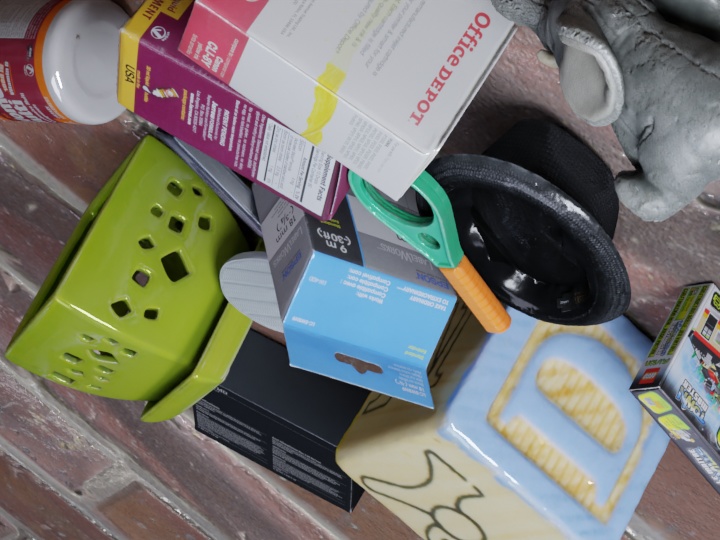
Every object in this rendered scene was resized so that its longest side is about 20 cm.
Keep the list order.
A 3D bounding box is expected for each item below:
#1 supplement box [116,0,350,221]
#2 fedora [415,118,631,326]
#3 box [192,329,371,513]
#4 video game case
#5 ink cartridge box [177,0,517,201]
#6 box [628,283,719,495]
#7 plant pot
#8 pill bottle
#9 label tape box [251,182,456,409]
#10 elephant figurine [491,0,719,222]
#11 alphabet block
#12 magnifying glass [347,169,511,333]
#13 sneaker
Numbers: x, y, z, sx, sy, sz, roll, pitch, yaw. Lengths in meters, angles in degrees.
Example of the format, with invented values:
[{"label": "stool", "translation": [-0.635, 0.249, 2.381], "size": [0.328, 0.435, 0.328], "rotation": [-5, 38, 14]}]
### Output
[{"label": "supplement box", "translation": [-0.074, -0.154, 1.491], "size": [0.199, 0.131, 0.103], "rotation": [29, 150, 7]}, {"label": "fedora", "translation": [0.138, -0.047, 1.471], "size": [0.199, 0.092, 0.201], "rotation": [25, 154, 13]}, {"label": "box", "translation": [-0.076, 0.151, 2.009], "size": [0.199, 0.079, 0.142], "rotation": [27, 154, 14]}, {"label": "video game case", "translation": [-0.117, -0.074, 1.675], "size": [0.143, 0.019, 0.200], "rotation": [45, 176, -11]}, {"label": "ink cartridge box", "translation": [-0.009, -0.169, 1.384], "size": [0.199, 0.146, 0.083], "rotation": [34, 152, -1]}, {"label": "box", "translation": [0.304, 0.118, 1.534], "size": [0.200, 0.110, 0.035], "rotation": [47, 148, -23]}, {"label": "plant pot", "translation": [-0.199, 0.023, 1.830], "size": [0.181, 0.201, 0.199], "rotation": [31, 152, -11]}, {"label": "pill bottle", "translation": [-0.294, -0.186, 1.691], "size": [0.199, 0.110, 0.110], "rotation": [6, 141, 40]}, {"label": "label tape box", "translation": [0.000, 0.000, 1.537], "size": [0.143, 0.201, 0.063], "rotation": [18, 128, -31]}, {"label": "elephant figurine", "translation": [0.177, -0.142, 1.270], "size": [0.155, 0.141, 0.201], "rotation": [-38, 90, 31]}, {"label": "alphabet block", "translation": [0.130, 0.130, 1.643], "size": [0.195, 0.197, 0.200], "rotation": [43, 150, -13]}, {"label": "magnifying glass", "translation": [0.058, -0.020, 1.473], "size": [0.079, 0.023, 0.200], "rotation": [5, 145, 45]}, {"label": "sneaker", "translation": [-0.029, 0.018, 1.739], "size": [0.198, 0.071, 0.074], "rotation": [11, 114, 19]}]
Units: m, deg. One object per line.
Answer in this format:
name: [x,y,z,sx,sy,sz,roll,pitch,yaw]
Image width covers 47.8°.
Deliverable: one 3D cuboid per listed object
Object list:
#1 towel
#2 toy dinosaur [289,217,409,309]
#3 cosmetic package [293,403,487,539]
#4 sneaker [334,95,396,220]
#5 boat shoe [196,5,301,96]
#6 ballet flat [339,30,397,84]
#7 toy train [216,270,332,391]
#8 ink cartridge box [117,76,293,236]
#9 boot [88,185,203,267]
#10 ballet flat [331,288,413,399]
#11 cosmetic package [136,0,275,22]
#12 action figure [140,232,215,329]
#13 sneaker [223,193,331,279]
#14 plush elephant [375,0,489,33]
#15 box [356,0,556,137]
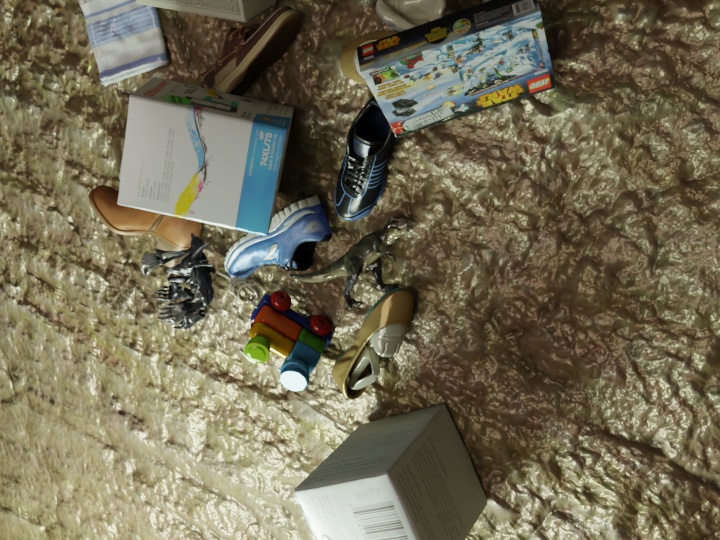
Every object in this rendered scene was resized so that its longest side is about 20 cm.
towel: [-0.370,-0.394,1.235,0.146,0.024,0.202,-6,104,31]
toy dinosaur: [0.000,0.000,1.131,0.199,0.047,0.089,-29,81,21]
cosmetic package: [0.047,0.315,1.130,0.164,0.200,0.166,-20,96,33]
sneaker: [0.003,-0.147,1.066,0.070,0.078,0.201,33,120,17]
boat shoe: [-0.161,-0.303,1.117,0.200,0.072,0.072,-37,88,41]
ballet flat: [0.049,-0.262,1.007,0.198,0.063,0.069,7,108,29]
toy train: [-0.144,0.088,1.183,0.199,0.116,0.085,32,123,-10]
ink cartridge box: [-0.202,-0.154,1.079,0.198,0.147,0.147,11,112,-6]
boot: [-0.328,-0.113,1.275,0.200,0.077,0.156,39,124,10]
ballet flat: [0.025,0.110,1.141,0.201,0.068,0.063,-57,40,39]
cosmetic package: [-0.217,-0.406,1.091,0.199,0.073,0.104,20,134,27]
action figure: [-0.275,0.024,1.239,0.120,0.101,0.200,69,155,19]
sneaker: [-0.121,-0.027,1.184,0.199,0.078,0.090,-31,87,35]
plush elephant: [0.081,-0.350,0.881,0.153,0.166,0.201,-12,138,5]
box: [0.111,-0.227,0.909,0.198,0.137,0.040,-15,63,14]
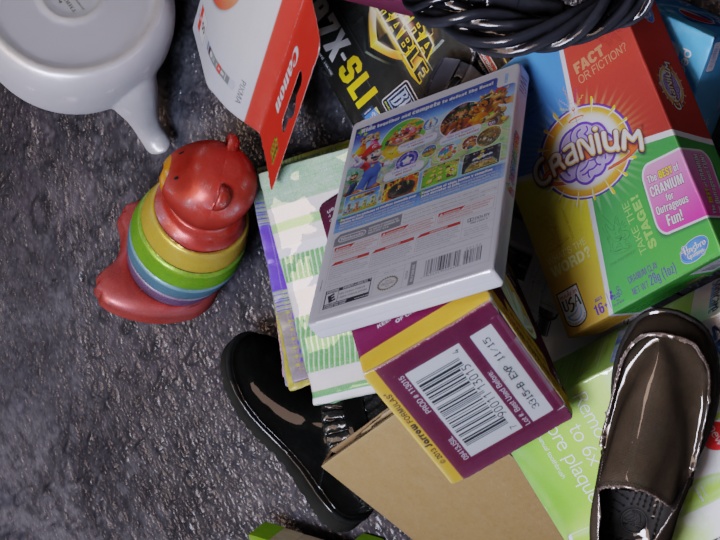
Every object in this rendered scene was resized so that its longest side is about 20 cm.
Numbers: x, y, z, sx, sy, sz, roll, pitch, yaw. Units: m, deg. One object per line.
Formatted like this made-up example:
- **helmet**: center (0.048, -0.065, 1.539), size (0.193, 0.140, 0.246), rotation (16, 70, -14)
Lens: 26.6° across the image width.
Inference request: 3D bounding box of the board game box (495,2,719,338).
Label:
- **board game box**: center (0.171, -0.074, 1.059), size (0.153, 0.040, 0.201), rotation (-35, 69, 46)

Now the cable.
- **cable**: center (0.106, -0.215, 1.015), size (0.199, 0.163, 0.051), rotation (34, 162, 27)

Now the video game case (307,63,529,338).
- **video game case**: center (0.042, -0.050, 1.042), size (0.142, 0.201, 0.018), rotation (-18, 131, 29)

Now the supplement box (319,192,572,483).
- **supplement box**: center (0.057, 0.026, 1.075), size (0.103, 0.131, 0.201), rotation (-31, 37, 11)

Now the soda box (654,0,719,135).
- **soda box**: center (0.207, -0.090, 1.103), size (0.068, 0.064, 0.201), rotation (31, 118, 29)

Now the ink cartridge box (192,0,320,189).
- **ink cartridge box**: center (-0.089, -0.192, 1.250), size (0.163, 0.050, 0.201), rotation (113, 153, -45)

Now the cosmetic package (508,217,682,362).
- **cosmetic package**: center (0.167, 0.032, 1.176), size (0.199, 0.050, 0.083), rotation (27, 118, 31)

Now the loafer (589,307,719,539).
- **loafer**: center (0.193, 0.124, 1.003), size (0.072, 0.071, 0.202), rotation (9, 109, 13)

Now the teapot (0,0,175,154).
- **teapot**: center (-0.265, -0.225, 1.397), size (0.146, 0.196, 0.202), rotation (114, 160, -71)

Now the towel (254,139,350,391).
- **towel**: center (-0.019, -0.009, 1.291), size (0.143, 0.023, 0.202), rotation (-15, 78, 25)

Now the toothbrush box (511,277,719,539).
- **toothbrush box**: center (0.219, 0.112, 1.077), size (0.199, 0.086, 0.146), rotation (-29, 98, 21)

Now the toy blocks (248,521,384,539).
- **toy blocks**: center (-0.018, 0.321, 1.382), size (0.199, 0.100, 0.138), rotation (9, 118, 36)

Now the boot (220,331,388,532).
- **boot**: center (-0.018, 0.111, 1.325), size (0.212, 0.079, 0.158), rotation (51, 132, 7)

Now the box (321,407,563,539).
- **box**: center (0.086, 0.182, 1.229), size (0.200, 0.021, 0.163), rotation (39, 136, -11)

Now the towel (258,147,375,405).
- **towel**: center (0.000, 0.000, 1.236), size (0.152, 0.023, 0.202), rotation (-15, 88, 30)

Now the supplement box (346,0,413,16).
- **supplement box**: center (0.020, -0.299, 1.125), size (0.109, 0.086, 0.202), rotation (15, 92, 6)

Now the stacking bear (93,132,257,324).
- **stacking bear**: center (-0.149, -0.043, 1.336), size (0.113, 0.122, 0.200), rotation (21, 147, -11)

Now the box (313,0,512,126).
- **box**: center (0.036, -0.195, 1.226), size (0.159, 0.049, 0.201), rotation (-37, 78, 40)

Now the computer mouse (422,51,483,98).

- **Exercise details**
Return each line of the entries that holds the string "Units".

- **Exercise result**
Units: m, deg. One object per line.
Numbers: x, y, z, sx, sy, sz, roll, pitch, yaw. Units: m, deg. One object per line.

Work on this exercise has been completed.